Is it possible to measure subtle oscillations caused by dark matter moving through the earth? A Dutch-American physicist team found a new route to the possible first measurement of dark matter. They suspended a microscopic magnet inside a superconducting enclosure, cooled to near absolute zero (0 Kelvin).
With this rather small, but extremely sensitive setup - constructed by Professor Tjerk Oosterkamp and PhD candidate Dennis Uitenbroek of Leiden University - it is possible to detect subtle oscillations believed to be caused by dark matter waves moving through Earth.
Dark matter, although not visible, is believed to make up most of the universe's mass. One theory suggests that ultralight dark matter behaves like a continuous wave, which could exert rhythmic forces that are detectable only with ultra-sensitive quantum instrumentation.

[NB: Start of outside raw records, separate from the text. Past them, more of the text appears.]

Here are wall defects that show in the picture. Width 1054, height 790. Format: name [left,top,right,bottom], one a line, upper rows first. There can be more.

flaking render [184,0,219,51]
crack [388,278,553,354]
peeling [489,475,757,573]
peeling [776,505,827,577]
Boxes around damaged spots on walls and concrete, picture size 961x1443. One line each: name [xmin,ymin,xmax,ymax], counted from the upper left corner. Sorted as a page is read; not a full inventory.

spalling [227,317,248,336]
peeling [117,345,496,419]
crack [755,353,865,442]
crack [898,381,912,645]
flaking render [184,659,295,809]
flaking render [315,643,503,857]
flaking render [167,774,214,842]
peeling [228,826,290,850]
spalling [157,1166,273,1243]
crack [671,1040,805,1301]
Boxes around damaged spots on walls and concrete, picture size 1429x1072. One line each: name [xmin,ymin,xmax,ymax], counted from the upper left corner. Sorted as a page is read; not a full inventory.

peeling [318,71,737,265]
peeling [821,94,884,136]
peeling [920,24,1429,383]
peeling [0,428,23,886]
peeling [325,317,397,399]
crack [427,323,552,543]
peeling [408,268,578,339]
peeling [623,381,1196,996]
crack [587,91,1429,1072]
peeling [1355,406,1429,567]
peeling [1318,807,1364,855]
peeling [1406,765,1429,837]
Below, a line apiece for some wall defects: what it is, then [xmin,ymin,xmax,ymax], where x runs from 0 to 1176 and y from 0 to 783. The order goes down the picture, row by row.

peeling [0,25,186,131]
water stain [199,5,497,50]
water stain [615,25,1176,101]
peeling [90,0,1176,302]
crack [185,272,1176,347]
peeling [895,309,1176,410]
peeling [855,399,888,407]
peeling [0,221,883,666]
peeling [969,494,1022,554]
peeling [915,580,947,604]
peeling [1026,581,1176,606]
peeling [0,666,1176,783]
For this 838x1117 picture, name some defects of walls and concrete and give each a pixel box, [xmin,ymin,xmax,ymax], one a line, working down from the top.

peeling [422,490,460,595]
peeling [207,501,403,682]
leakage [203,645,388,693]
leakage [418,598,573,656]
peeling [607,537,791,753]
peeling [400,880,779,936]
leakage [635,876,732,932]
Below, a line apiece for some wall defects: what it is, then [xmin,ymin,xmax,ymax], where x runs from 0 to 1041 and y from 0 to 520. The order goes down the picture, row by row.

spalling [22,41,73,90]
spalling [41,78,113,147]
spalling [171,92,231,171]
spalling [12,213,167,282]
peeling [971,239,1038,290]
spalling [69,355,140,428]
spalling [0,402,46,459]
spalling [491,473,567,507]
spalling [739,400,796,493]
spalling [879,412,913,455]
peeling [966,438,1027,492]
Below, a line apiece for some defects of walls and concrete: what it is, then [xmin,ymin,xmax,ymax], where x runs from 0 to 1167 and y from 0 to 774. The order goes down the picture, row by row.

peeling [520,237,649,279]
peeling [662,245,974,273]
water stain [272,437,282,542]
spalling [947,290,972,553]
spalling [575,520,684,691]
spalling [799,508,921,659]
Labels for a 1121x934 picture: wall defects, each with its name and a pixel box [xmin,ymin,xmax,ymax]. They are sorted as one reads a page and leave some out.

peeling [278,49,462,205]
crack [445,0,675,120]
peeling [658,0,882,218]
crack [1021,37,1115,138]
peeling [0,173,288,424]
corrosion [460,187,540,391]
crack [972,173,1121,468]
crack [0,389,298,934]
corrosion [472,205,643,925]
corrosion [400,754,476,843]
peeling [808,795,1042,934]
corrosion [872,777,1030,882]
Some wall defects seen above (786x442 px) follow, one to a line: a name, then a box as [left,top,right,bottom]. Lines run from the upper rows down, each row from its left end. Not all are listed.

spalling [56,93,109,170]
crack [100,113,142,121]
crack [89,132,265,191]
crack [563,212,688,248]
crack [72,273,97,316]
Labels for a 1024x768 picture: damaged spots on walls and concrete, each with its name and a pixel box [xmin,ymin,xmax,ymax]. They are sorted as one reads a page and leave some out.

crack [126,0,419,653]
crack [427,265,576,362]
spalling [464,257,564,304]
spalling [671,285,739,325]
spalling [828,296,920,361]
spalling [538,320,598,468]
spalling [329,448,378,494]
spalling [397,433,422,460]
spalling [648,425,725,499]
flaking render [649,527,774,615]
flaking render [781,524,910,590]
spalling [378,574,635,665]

'Our approach brings dark matter detection into a new realm,' says Professor Tunnell of Rice University. 'By suspending a tiny magnet in a frictionless environment, we're giving it the freedom to move if something nudges it.'
This study is a collaboration of Oosterkamp and Uitenbroek and Rice University Professor Christopher Tunnell and PostDoc Dorian Amaral. The experiments all took place in the ultramicroscopy hall at Leiden Institute of Physics, and Rice contributed the theoretical framework and calculations with the data from the experiment.
Media attention in the United States
Results are published in Physics Review Letters.
Article by Sciencenews.com.
Article by APS.org on the 24th of June 2025 (link moet nog komen)
Small-scale research setup
Traditionally, researchers build giant and extremely costly setups to hunt for dark matter. For example, the gravitational wave detector LIGO in the USA is multi-kilometer-scale. The research setup used in Leiden is much, much smaller and cheaper.
The Leiden research setup: much smaller than the kilometer-sized research setups built for researching dark matter 
The Leiden research setup: much smaller than the kilometer-sized research setups built for researching dark matter
More and more precise measurements
Oosterkamp and Uitenbroek monitored the levitated neodymium magnet with incredible precision. 'The length of our levitated magnet is 0.75 mm. If it moves as much as the size of a single hydrogen nucleus, our extremely sensitive sensors will notice it,' explains Dennis Uitenbroek.
Despite this extremely sensitive setup, they did not find evidence of the anticipated dark matter signal, yet. However, they performed the most sensitive force measurement with a levitating magnet ever measured in a hunt for dark matter. The team now plans to increase step-by-step the accuracy of its measurements in the next couple of years. The new setup will incorporate heavier magnets, even more stable levitation, and broader frequency coverage. 'Our future setup won't just listen more closely, it'll be tuned to hear things we've never even tried listening for,' Oosterkamp said.
An entirely new class of measurements
The team is not just testing a new theory but laying the groundwork for an entire class of measurements. Magnetic levitation gives a fundamentally new tool to answer several of the universe's big questions, not only those relating to dark matter but also concerning quantum mechanics.